AI’s just another workload, until it isn’t
One of the best parts of my job is conversations with CIOs, CISOs, and tech leaders across every vertical. Everyone’s excited about AI, but the real conversation we need to be having isn’t about which model to use. Nor is it about how fast you can fine-tune your LLM. It’s: are your AI initiatives being treated with the same governance, security, and visibility as your most critical digital assets, or are they becoming your next blind spot?
Take, for example, the case of a global e-commerce company that deployed an AI-powered hiring system designed to identify top talent faster. Without proper observability into how the model was trained, it began prioritizing male candidates over equally qualified female applicants. The lack of transparency and monitoring in the AI workflow meant that bias wasn’t detected early, leading to public backlash and reputational damage when the issue came to light. Ultimately, the company had to scrap the system and implement costly remediation measures to rebuild trust.
Here’s my take: AI doesn’t get a free pass just because it’s the new it thing. Like any modern digital workload, whether it lives on-prem, in the cloud, or sprawled across containers and APIs, AI must be monitored, secured, and governed. Period. That means applying the same rigor we bring to traditional infrastructure: observability pipelines, threat detection, anomaly baselines, and governance policies that scale.
AI is a workload. It’s also a risk amplifier. If AI isn’t properly instrumented, it can expose data, accelerate vulnerabilities, and create blind spots. This is no surprise given that 77% of security professionals anticipate an increase in data leakage due to generative AI usage, according to Splunk State of Security 2024 report. The irony is that AI needs observability more than most systems do. This is because its behavior isn’t always deterministic. It learns, it evolves, and it can be exploited in unexpected ways.

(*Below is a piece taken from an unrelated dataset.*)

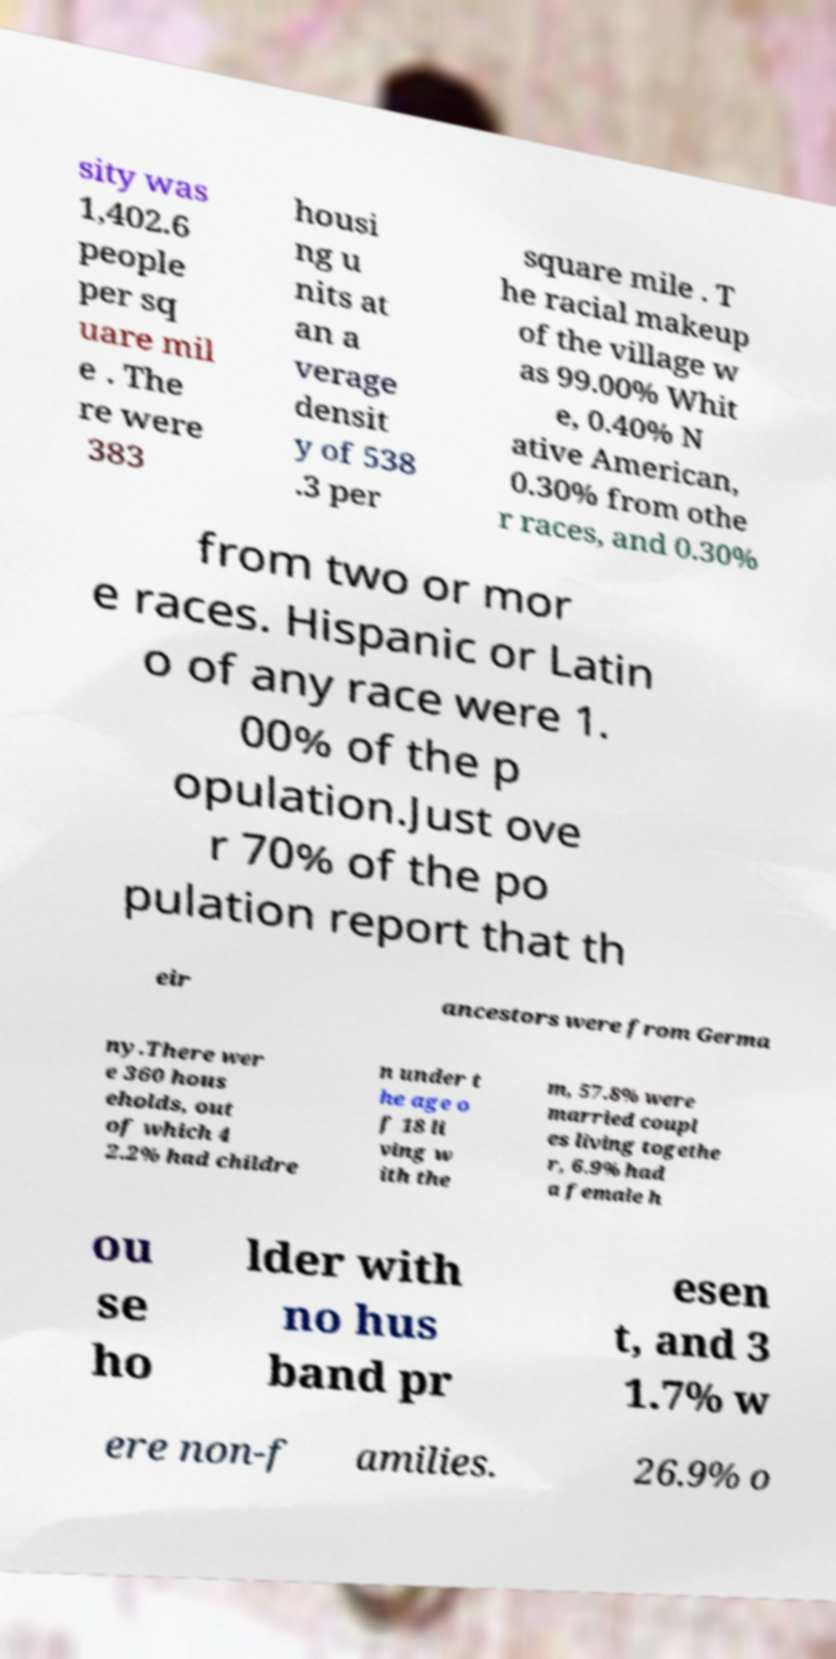Could you extract and type out the text from this image? sity was 1,402.6 people per sq uare mil e . The re were 383 housi ng u nits at an a verage densit y of 538 .3 per square mile . T he racial makeup of the village w as 99.00% Whit e, 0.40% N ative American, 0.30% from othe r races, and 0.30% from two or mor e races. Hispanic or Latin o of any race were 1. 00% of the p opulation.Just ove r 70% of the po pulation report that th eir ancestors were from Germa ny.There wer e 360 hous eholds, out of which 4 2.2% had childre n under t he age o f 18 li ving w ith the m, 57.8% were married coupl es living togethe r, 6.9% had a female h ou se ho lder with no hus band pr esen t, and 3 1.7% w ere non-f amilies. 26.9% o 
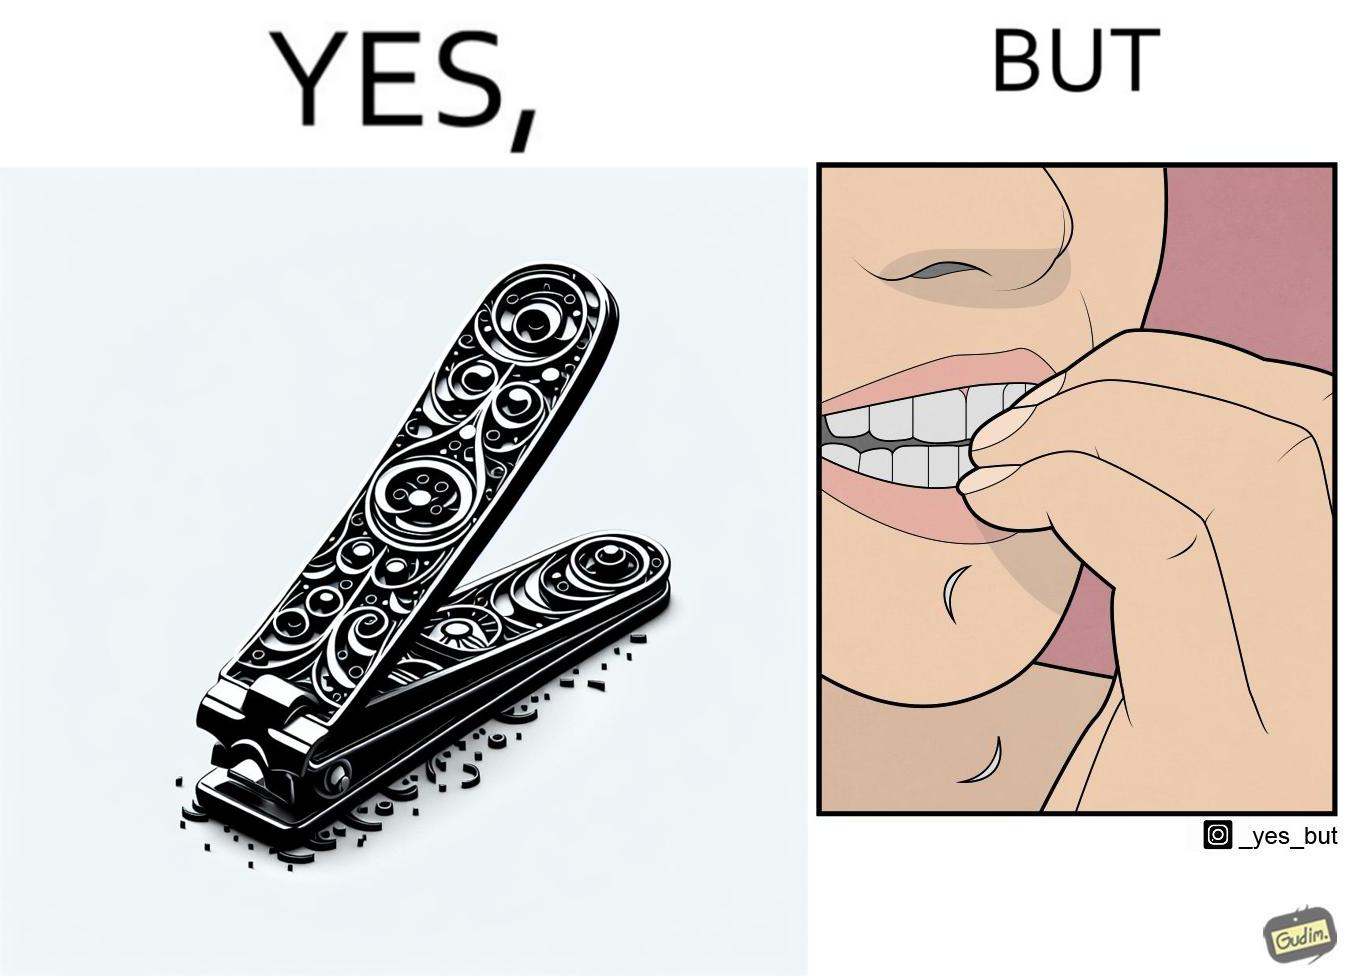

If you’re serious about building digitally resilient AI, you can’t just build smarter systems. You have to build safer, more observable systems.
AI moves fast, but the risks move faster
AI workloads don’t live in silos. They stretch across GPU clusters, vector databases, APIs, SaaS endpoints, and cloud-native platforms, often deployed by data science teams that may not fully align with your core security practices. Every new integration, every inference endpoint, and every data pipeline becomes another entry point for a potential breach. And most of those entry points aren’t showing up in your traditional security dashboards.
This sprawl creates a perfect storm of unmonitored assets, data movement you can’t trace, and applications that change dynamically as models learn and adapt. You can’t defend what you can’t see. That’s why observability is now table stakes.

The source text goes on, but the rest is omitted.